To deploy your scoring engine, simply install the package on your OpenCPU server. If you are running the OpenCPU cloud server, make sure to install your package as root. For example if you built the package into a tar.gz archive:

sudo -i
R CMD INSTALL tvscore_0.1.tar.gz

To install our example package straight from R, either on an OpenCPU cloud server or OpenCPU single-user server:

#install the tv score package
library(devtools)
install_github("opencpu/tvscore")

If you are running the cloud server, you are done with this step. If you are running the single-user server, start OpenCPU using:

library(opencpu)
opencpu$browse()

To verify that the installation succeeded, open your browser and navigate to the /ocpu/library/tvscore path on the OpenCPU server.
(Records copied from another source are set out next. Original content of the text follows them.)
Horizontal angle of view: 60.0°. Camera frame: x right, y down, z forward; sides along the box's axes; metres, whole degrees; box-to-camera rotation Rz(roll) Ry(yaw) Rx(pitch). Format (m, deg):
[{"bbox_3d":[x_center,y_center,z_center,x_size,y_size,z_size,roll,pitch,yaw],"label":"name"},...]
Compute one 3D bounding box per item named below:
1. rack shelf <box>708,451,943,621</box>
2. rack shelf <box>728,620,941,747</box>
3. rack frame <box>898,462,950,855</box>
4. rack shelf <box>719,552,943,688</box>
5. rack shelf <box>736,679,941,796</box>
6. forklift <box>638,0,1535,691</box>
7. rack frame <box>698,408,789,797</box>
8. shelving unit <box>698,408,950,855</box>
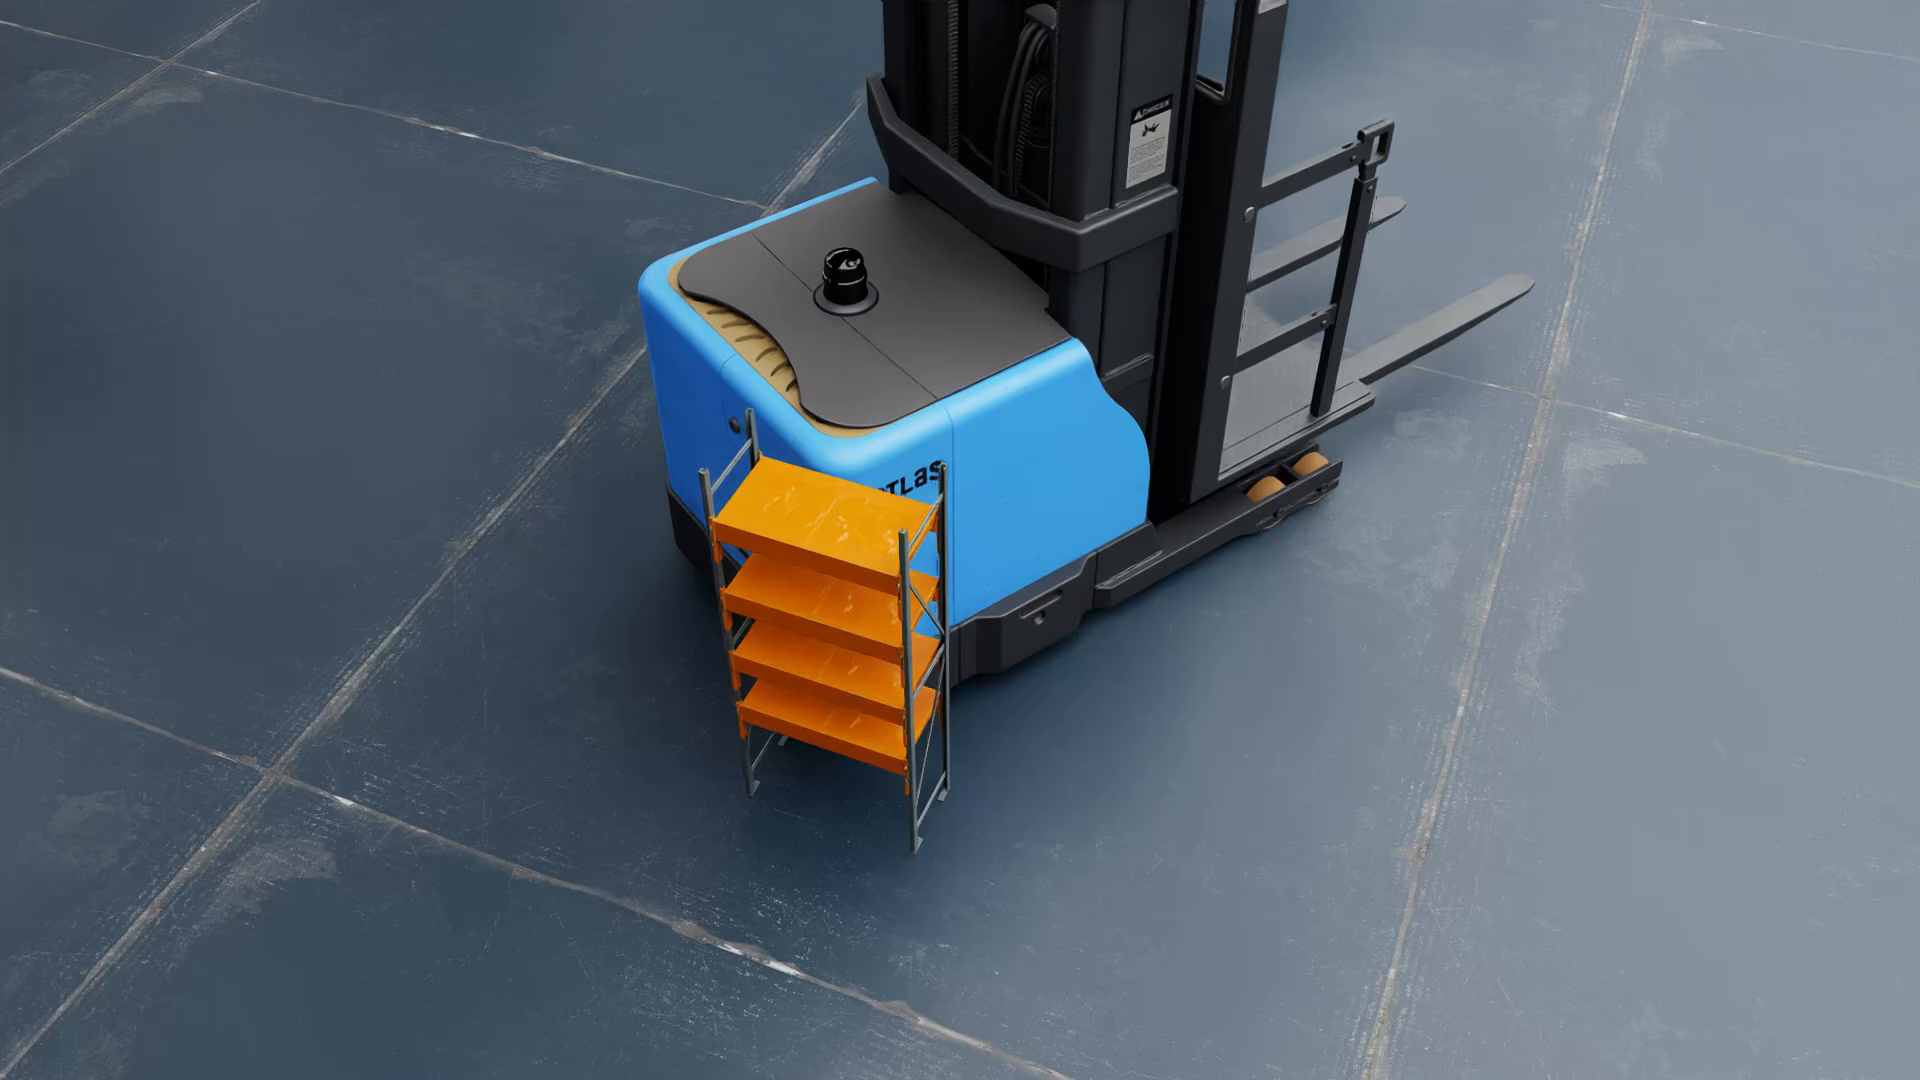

Also have a look at /ocpu/library/tvscore/R/tv and /ocpu/library/tvscore/man/tv.

Step 4: Scoring through the API

Once the package is installed on the server, we can remotely call the tv function via the OpenCPU API. In the examples below we use the public demo server: https://cloud.opencpu.org/. For example, to call the tv function with curl using basic JSON RPC:

curl https://cloud.opencpu.org/ocpu/library/tvscore/R/tv/json \
 -H "Content-Type: application/json" \
 -d '{"input" : [ {"age":26, "marital" : "MARRIED"}, {"age":41, "marital":"DIVORCED"}, {"age":53, "marital":"NEVER MARRIED"} ]}'

Note how the OpenCPU server automatically converts input and output data from/to JSON using jsonlite. See the API docs for more details on this process. Alternatively we can batch score by posting a CSV file (example data)

curl https://cloud.opencpu.org/ocpu/library/tvscore/R/tv -F "input=@testdata.csv"

The response to a successful HTTP POST request contains the location of the output data in the Location header. For example if the call returned a HTTP 201 with Location header /ocpu/tmp/x036bf30e82, the client can retrieve the output data in various formats using a subsequent HTTP GET request:

curl https://cloud.opencpu.org/ocpu/tmp/x036bf30e82/R/.val/csv
curl https://cloud.opencpu.org/ocpu/tmp/x036bf30e82/R/.val/json
curl https://cloud.opencpu.org/ocpu/tmp/x036bf30e82/R/.val/tab

This completes our scoring engine. Using these steps, clients from any language can remotely score cases by calling the tv function using standard HTTP and JSON libraries.

Extra credit: performance optimization

When using a scoring engine based on OpenCPU in production, it is worthwile configuring your server to optimize performance. In particular, we can add our package to the preload field in the /etc/opencpu/server.conf file on the OpenCPU cloud server. This will automatically load (but not attach) the package when the OpenCPU server starts, which eliminates package loading time from the individual scoring requests. In our example this is important because tvscore depends on the mgcv package, which takes about 2 seconds to load.

Note that R does not load LazyData objects when the package loads. Hence, preload in combination with lazy loading of data might not have the desired effect. When using preload, make sure to design your package such that all data gets loaded when the package loads (example).

Finally in production you might want to tweak the timelimit.post (timeout), rlimit.as (mem limit), rlimit.fsize (disk limit) and rlimit.nproc (parallel process limit) options in /etc/opencpu/server.conf to fit your needs. Also see the server manual on this topic.

Bonus: creating an OpenCPU app

By including web pages in the /inst/www/ directory of the source package, we can turn our scoring engine into a standalone web application. The tvscore example package contains a simple web interface that makes use of the opencpu.js JavaScript client to interact with R via OpenCPU in the browser. Navigate to /ocpu/library/tvscore/www/ on the public demo server to see it in action!

To install and run the same app in your local R session, use:

#Install the app
library(devtools)
install_github("opencpu/tvscore")

#Load the app
library(opencpu)
opencpu$browse("/library/tvscore/www")

We can also call the OpenCPU server from an external website using cross domain ajax requests (CORS). See this jsfiddle for a simple example that calls the public server using the ocpu.rpc function from opencpu.js.